« LE MONTESPAN », UN RECIT HISTORIQUE DRÔLE, MENE TAMBOUR BATTANT
lebruitduoff.com – 17 juillet 2022
AVIGNON OFF 2022. Le Montespan – de Jean Teulé – mise en scène Etienne Launay – à la Condition des Soies du 7 au 30 juillet 2022 à 16h (durée 1h30), relâches les 11, 18 et 25 juillet.
Le Montespan, « histoire du plus célèbre cocu de France ». La pièce a déjà connu un grand succès au Théâtre de la Huchette à Paris et valu un Molière de la révélation féminine à Salomé de Villiers. Elle triomphe à Avignon à la Condition des Soies, avant d’être reprise à la rentrée à Paris au Théâtre du Gymnase. Autant le dire d’emblée, le registre est populaire. La pièce adaptée du roman de Jean Teulé se distingue surtout par le rythme effréné de sa mise en scène et l’excellence du jeu des acteurs. Le parti pris est résolument comique, avec un Michaël Hirsch hilarant. L’efficacité de l’ensemble est remarquable et en fait un bon divertissement.
Françoise, marquise de Mortemart et Louis-Henri de Pardaillan, marquis de Montespan, jeunes mariés, se couvrent de dettes en jouant dans les salons du Marais. Le marquis cherche en vain à redorer son blason à la guerre. Quand l’occasion se présente pour Françoise d’entrer au service de la Reine en tant que dame de Compagnie, charge grassement rémunérée, le couple n’hésite pas. C’était sans compter sur les faveurs appuyées du Roi qui enchainent Françoise, rebaptisée Athénaïs dans la mode précieuse, à la Cour…

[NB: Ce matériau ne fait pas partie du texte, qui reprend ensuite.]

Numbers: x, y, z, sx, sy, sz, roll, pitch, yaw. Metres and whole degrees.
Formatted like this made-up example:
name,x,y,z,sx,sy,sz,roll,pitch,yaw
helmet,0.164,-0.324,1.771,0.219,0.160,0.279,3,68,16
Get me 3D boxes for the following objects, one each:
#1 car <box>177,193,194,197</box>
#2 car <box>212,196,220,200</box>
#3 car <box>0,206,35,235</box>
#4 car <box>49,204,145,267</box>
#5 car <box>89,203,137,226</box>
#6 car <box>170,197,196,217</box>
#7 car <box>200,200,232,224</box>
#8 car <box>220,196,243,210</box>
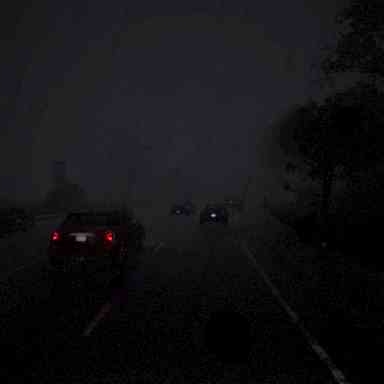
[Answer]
name,x,y,z,sx,sy,sz,roll,pitch,yaw
car,-1.210,1.173,57.341,2.150,2.045,5.566,0,0,20
car,5.398,1.434,64.546,1.882,1.535,5.008,0,0,23
car,-9.866,1.481,16.802,1.837,1.490,4.892,0,0,5
car,-3.018,1.341,11.516,2.097,1.767,4.553,0,0,3
car,-5.588,1.540,24.146,1.994,1.385,4.181,0,0,7
car,-0.800,1.505,31.135,1.812,1.442,4.674,0,0,10
car,1.727,1.553,24.638,1.994,1.385,4.181,0,0,7
car,5.217,1.339,41.977,2.097,1.767,4.553,0,0,14
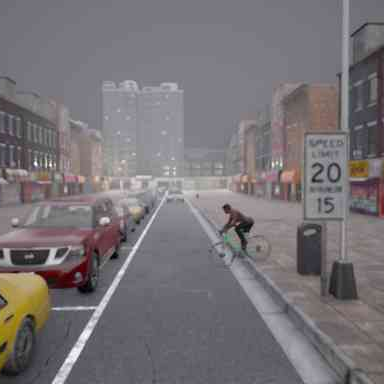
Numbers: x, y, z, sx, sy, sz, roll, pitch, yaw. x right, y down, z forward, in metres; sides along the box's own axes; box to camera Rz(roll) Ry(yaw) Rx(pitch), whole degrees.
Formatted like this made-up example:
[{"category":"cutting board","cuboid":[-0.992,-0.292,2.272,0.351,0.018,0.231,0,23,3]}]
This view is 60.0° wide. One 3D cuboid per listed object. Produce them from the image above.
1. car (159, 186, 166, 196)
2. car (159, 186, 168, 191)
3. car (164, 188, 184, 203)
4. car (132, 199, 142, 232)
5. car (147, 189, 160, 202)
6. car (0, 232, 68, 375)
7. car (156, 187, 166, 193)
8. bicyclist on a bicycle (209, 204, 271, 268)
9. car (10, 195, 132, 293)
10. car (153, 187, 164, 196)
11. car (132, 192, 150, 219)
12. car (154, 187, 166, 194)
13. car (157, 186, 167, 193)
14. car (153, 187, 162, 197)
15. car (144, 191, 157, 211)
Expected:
[{"category":"car","cuboid":[-5.428,0.021,51.864,2.008,1.369,4.403,0,2,-3]},{"category":"car","cuboid":[-7.229,-0.930,84.513,1.947,1.339,4.313,0,2,-3]},{"category":"car","cuboid":[-1.881,0.493,37.246,1.895,1.301,4.718,0,2,-3]},{"category":"car","cuboid":[-3.326,1.177,13.775,1.802,1.307,4.206,0,2,-3]},{"category":"car","cuboid":[-4.227,0.678,30.098,1.947,1.339,4.313,0,2,-3]},{"category":"car","cuboid":[-2.716,1.449,2.721,1.752,1.417,4.829,0,2,-3]},{"category":"car","cuboid":[-6.328,-0.431,68.189,1.802,1.307,4.206,0,2,-3]},{"category":"bicyclist on a bicycle","cuboid":[1.173,1.094,8.630,1.656,1.620,0.582,-10,2,-3]},{"category":"car","cuboid":[-3.027,1.072,8.325,2.192,1.841,5.009,0,2,-3]},{"category":"car","cuboid":[-5.719,-0.160,57.135,1.752,1.417,4.829,0,2,-3]},{"category":"car","cuboid":[-3.617,0.965,19.045,1.752,1.417,4.829,0,2,-3]},{"category":"car","cuboid":[-6.028,-0.286,62.748,1.947,1.339,4.313,0,2,-3]},{"category":"car","cuboid":[-6.629,-0.608,73.630,1.947,1.339,4.313,0,2,-3]},{"category":"car","cuboid":[-4.527,0.503,35.540,2.008,1.369,4.403,0,2,-3]},{"category":"car","cuboid":[-3.927,0.839,24.657,1.947,1.339,4.313,0,2,-3]}]
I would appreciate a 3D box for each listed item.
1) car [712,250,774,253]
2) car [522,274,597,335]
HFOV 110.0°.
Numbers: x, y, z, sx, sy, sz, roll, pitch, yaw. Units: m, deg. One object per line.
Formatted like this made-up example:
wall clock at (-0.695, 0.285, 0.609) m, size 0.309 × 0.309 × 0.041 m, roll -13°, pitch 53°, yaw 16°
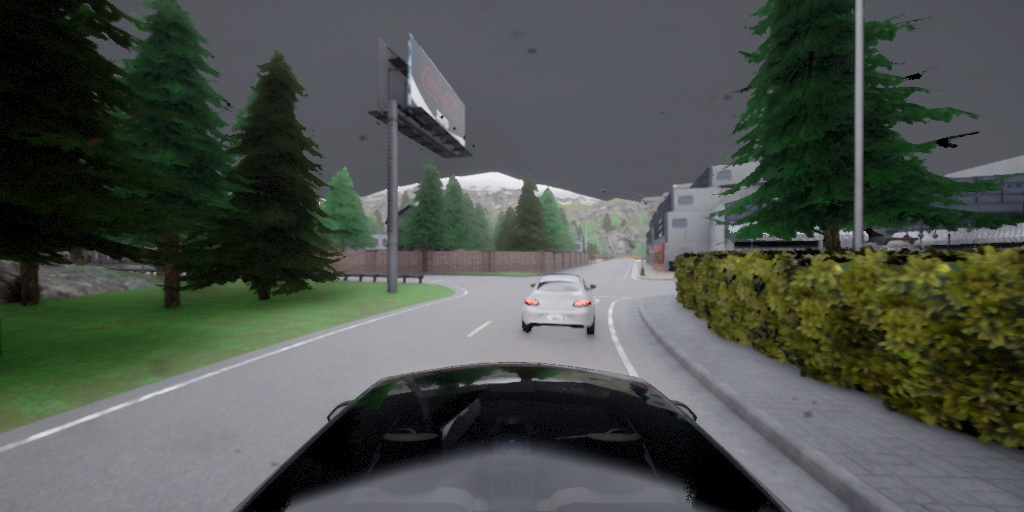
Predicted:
car at (13.475, 0.720, 19.148) m, size 5.566 × 2.045 × 2.150 m, roll 1°, pitch 0°, yaw 20°
car at (1.443, 1.243, 10.402) m, size 1.812 × 1.442 × 4.674 m, roll 0°, pitch 0°, yaw 11°
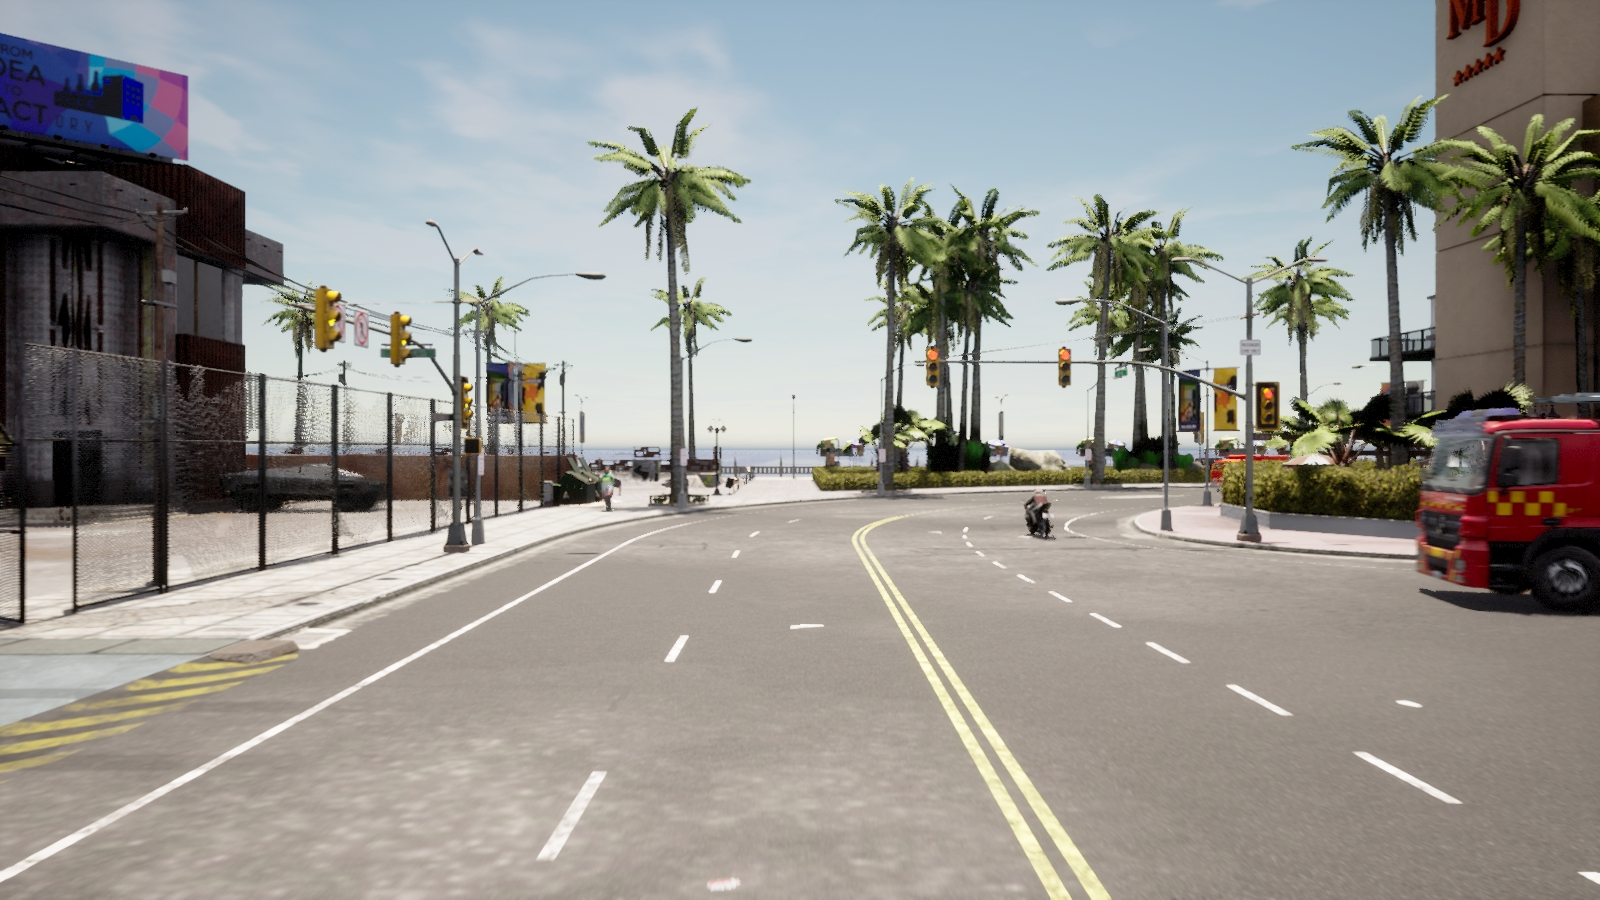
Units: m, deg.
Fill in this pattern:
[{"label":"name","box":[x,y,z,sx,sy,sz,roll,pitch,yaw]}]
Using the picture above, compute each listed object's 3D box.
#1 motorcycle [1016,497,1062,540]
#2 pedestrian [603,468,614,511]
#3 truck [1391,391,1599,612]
[{"label":"motorcycle","box":[7.738,2.205,37.097,0.867,1.251,2.209,1,0,-4]},{"label":"pedestrian","box":[-8.237,1.696,49.065,0.375,1.860,0.375,0,0,6]},{"label":"truck","box":[15.848,0.890,20.919,8.468,3.827,2.891,0,0,11]}]
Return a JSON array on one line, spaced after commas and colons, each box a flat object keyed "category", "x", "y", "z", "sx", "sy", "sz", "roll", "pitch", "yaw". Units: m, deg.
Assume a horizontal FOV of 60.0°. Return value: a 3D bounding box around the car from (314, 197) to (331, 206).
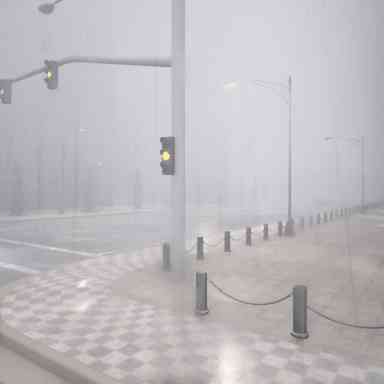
[{"category": "car", "x": 21.417, "y": 1.508, "z": 54.572, "sx": 1.994, "sy": 1.385, "sz": 4.181, "roll": 0, "pitch": 0, "yaw": 35}]
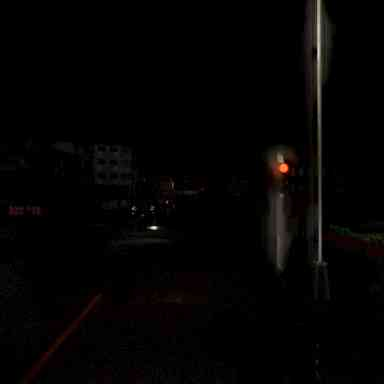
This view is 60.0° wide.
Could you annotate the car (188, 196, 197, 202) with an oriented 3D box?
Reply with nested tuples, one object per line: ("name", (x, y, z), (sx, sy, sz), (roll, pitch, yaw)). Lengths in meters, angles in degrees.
("car", (0.103, 1.577, 76.920), (1.895, 1.301, 4.718), (0, 0, 0))

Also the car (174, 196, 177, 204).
("car", (-3.953, 1.486, 65.086), (2.128, 1.511, 4.902), (0, 0, 1))

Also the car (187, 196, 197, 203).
("car", (0.089, 1.542, 66.325), (2.033, 1.411, 5.357), (0, 0, 0))

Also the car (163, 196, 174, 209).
("car", (-4.031, 1.347, 46.213), (2.097, 1.767, 4.553), (0, 0, 0))

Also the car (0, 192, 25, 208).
("car", (-19.711, 0.983, 35.126), (1.905, 1.878, 3.866), (0, 0, 35))

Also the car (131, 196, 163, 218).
("car", (-4.059, 1.349, 29.655), (2.097, 1.767, 4.553), (0, 0, 0))
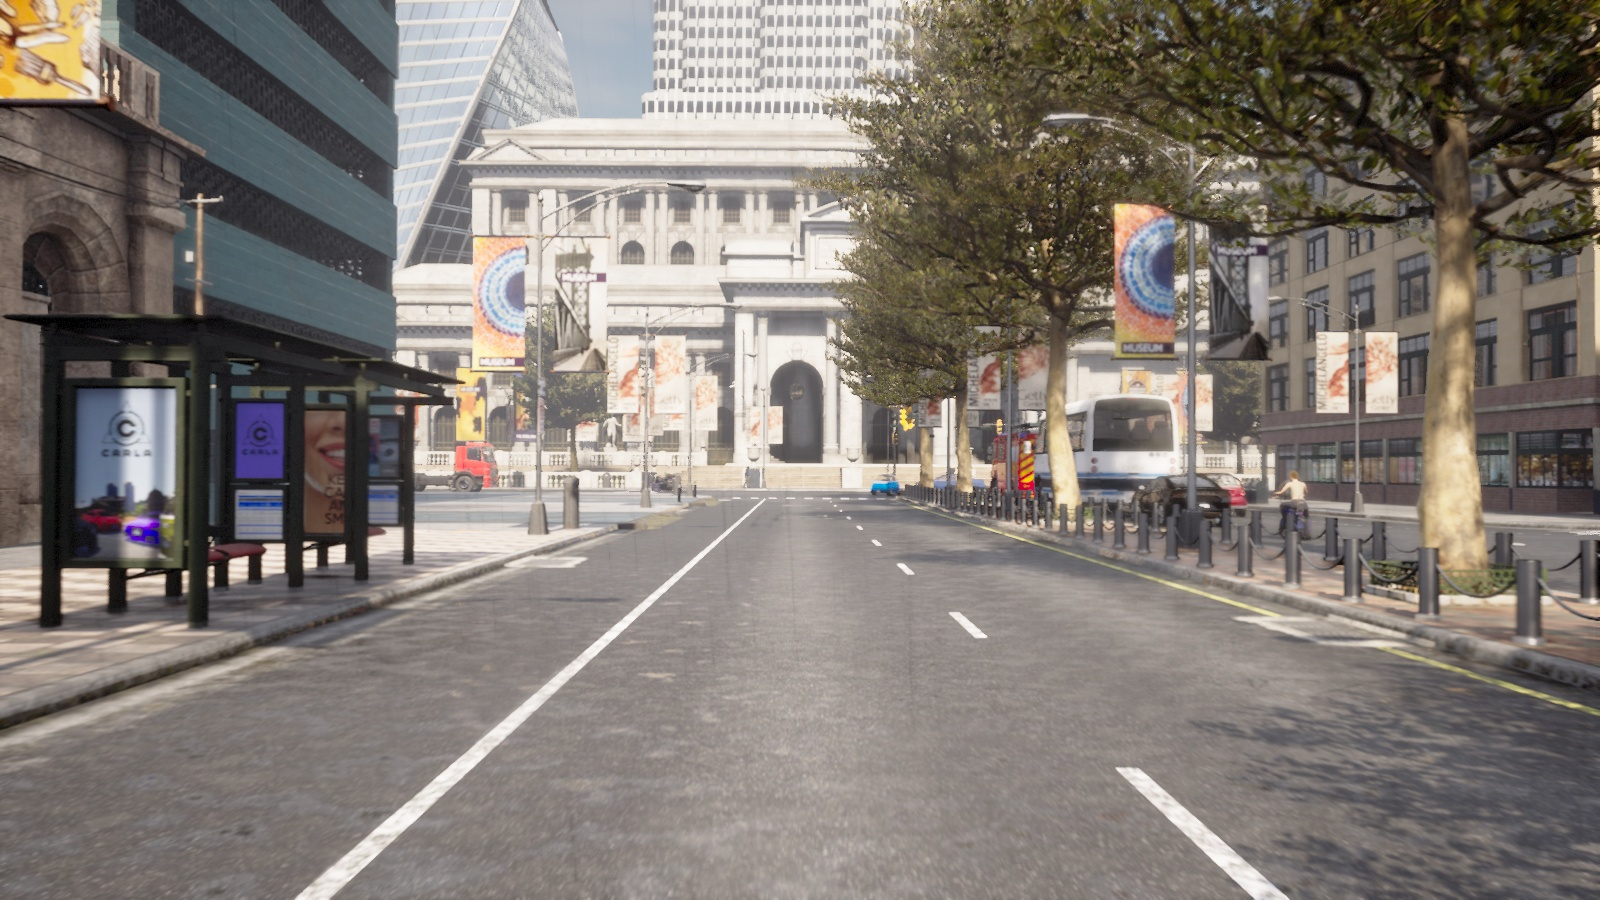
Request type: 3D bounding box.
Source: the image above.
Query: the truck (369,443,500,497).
[{"bbox_3d":[-24.287,1.331,83.690,7.936,3.462,2.891,0,-1,0],"label":"truck"}]

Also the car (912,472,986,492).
[{"bbox_3d":[11.142,2.393,94.124,5.357,1.411,2.033,0,-1,0],"label":"car"}]

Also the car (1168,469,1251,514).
[{"bbox_3d":[14.888,1.497,45.834,1.789,1.549,3.705,0,-1,0],"label":"car"}]

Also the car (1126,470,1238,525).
[{"bbox_3d":[11.409,1.381,37.876,1.882,1.535,5.008,0,-1,0],"label":"car"}]

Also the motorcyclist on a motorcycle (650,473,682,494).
[{"bbox_3d":[-9.680,2.406,90.657,2.191,1.530,0.866,0,-1,0],"label":"motorcyclist on a motorcycle"}]

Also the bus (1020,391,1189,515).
[{"bbox_3d":[11.377,0.202,48.378,3.944,4.253,10.273,0,-1,0],"label":"bus"}]

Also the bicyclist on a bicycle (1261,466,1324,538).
[{"bbox_3d":[11.436,1.194,29.210,0.866,1.612,1.509,0,-1,0],"label":"bicyclist on a bicycle"}]

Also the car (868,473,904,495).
[{"bbox_3d":[5.619,2.218,81.898,1.481,1.376,2.207,-1,-2,33],"label":"car"}]

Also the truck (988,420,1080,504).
[{"bbox_3d":[11.299,0.634,61.461,2.891,3.827,8.468,0,-1,0],"label":"truck"}]
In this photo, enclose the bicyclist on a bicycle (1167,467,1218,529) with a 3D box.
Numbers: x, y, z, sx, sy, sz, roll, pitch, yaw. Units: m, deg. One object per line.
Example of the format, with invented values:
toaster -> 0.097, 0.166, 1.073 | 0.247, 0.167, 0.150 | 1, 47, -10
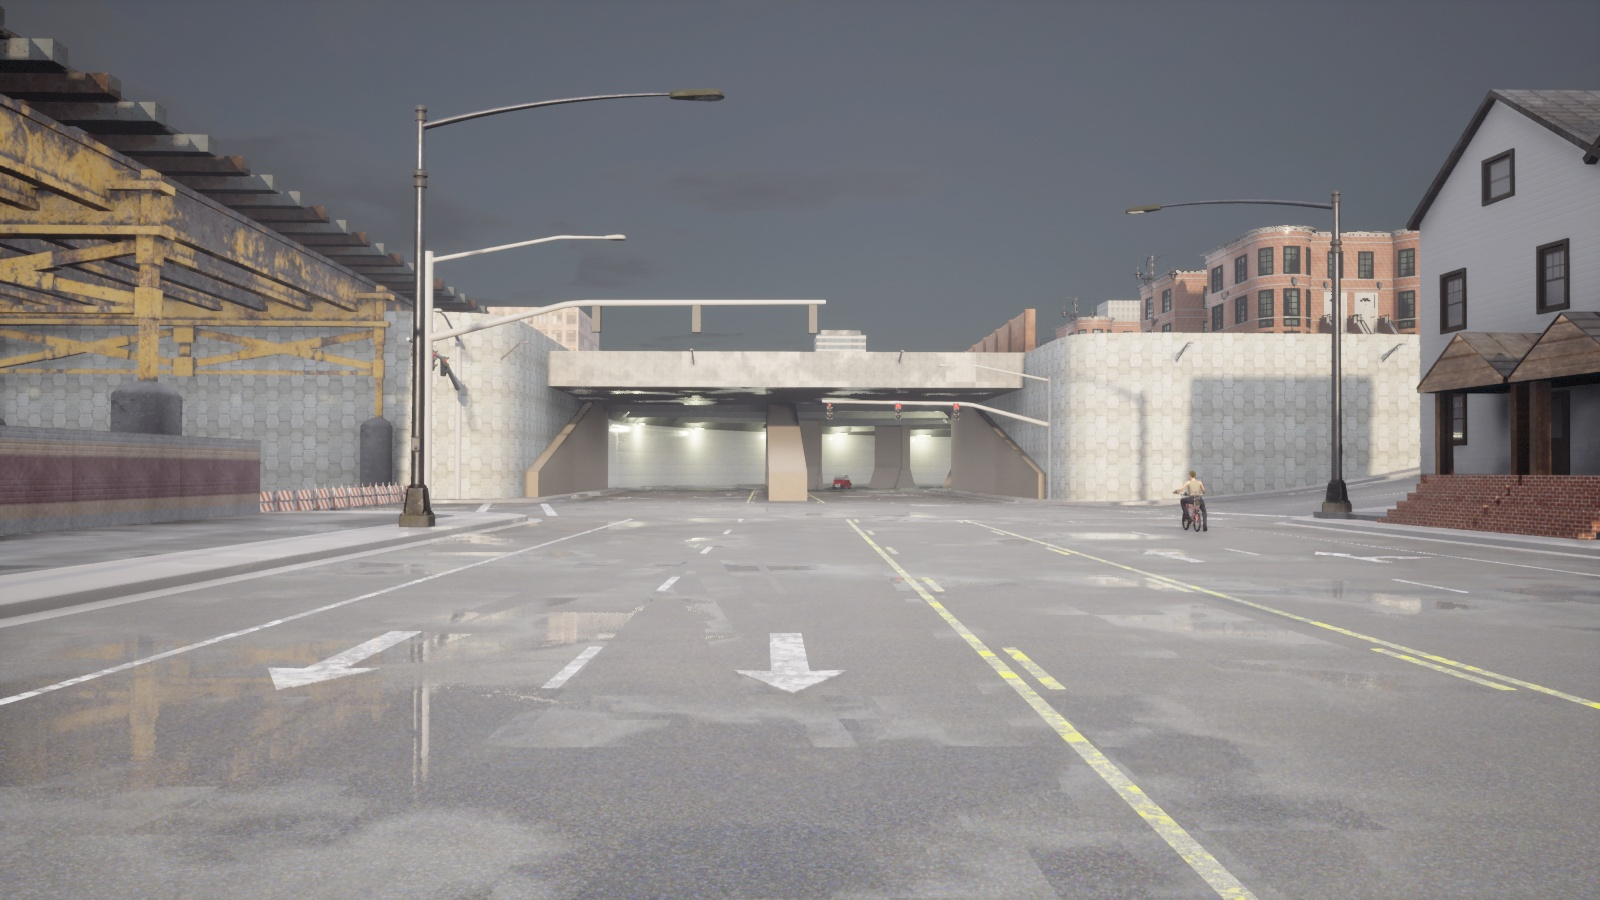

Qui dit récit historique sous Louis XIV dit perruques, visages poudrés et grands habits. Côté décor, un tissu orné d’un théâtral royal stylisé permet de projeter toutes les ambiances : guerre, église, carrosse… Le dispositif est esthétique et efficace. Ils sont trois sur scène à incarner tous les personnages. Entrées et sorties rapides, le rythme est assurément la clé de la maîtrise de cette fresque historique. Michaël Hirsch, plus connu pour ses spectacles d’humoriste (Je pionce donc je suis à Avignon cette année), est un véritable caméléon qui campe en quelques mimiques un prêtre, un maréchal des logis ou une prostituée. Le rire s’invite partout. Ses compagnons ne sont pas en reste : Salomé de Villiers sait passer de La Montespan à la cuisinière en un tour de dos, tandis que Simon Larvaron interprète un marquis de Montespan grave et touchant.
Le cœur du propos reste graveleux : il est après tout question des infidélités du Roi. Le ton se fait volontiers truculent dans un carrosse ou lors d’une nuit d’ivresse. Au-delà du premier degré, le mécanisme de cour autour de Louis XIV est saisissant : les faveurs du Roi valent au père de la marquise de Montespan une coquette somme d’argent, tout le monde enjoint le marquis de ne rien dire et de profiter de la situation, Molière écrit Amphitryon pour faire accepter la situation. L’évolution de Françoise-Athénaïs dans les manigances de cour, avec l’affaire des poisons et les messes noires où sont sacrifiés des enfants, est terrifiante. Les dessous de la Monarchie de Louis XIV ne sont pas beaux à voir. Dans toutes ces mondanités, la bravoure de Montespan touche et fait sourire. Il assume ses cornes qu’il porte haut sur son carrosse comme il porte le deuil de son épouse. En véritable gascon, il enchaine les bravades pour reconquérir sa femme, « époux séparé qui reste inséparable ».
« Le Montespan » est un beau récit historique mené sur un rythme d’enfer par de très bons comédiens qui n’oublient jamais de faire rire.